:: WORK TO COMPLETE ::
Using the material that follows, output exactly the lines from the one containing "- level of harmonic 4 in dBc (nearest 2 dBc)" through the one containing "- which harmonic", with both ends kept.

[[ INPUT DATA open ]]

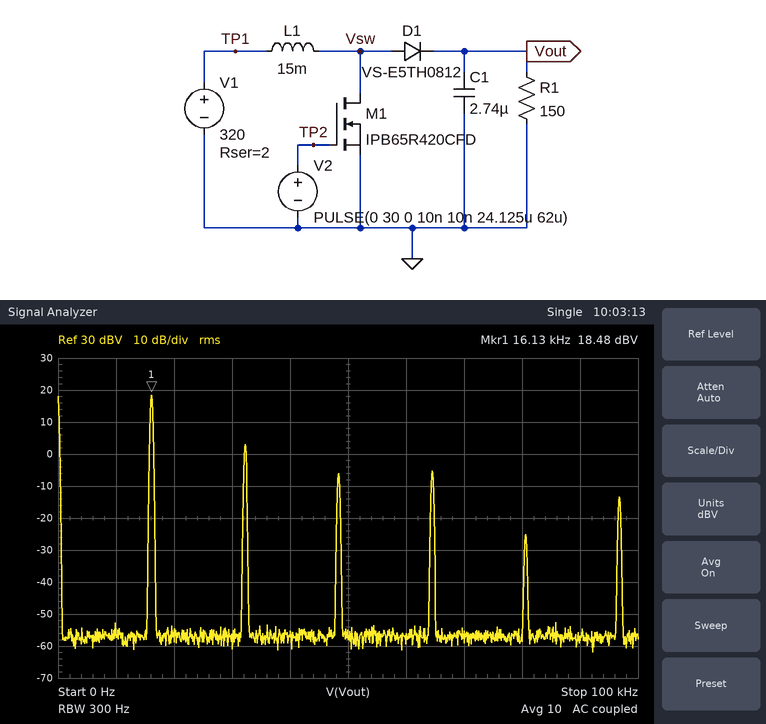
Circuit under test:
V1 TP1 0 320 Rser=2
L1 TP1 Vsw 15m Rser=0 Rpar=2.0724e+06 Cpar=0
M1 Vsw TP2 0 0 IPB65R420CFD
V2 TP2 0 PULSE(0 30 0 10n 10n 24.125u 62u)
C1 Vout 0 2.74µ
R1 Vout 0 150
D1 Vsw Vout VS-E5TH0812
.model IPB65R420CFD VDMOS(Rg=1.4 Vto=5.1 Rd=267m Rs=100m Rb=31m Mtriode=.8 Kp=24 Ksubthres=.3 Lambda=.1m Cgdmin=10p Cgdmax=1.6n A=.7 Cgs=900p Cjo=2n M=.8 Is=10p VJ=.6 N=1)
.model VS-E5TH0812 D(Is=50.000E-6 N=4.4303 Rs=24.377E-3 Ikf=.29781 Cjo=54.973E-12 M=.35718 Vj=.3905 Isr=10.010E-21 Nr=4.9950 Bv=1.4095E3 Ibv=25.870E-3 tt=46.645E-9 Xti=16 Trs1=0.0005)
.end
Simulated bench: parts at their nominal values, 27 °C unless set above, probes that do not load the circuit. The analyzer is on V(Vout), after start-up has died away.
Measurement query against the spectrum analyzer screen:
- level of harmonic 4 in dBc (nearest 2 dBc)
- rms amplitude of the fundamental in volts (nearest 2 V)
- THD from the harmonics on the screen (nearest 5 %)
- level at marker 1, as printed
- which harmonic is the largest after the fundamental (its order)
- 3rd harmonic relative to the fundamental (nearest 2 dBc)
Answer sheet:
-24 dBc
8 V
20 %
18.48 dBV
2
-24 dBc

[[ INPUT DATA closed ]]
[[ INPUT DATA open ]]

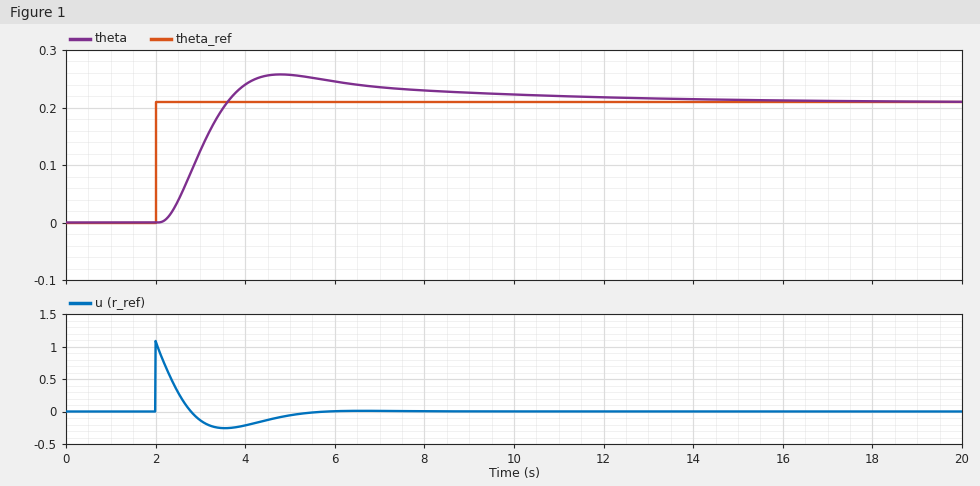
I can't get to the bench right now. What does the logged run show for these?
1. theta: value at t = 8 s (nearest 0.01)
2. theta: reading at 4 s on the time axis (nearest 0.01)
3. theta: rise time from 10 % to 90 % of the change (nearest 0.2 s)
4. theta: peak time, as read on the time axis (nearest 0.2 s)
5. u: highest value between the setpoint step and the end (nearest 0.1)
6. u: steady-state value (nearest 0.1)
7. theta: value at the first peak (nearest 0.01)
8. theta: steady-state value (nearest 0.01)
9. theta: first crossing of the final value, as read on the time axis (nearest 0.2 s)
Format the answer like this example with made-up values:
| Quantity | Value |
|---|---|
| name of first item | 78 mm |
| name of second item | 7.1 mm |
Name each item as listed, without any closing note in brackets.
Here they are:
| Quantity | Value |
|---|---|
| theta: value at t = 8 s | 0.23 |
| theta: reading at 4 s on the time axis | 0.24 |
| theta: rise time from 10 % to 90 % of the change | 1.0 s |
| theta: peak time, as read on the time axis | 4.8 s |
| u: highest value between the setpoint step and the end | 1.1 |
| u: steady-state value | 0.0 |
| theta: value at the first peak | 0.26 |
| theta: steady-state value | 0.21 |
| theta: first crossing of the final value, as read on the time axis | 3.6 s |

[[ INPUT DATA closed ]]

:: ANSWER TO THIS EXERCISE ::
- level of harmonic 4 in dBc (nearest 2 dBc)
- rms amplitude of the fundamental in volts (nearest 2 V)
- THD from the harmonics on the screen (nearest 5 %)
- level at marker 1, as printed
- which harmonic is the largest after the fundamental (its order)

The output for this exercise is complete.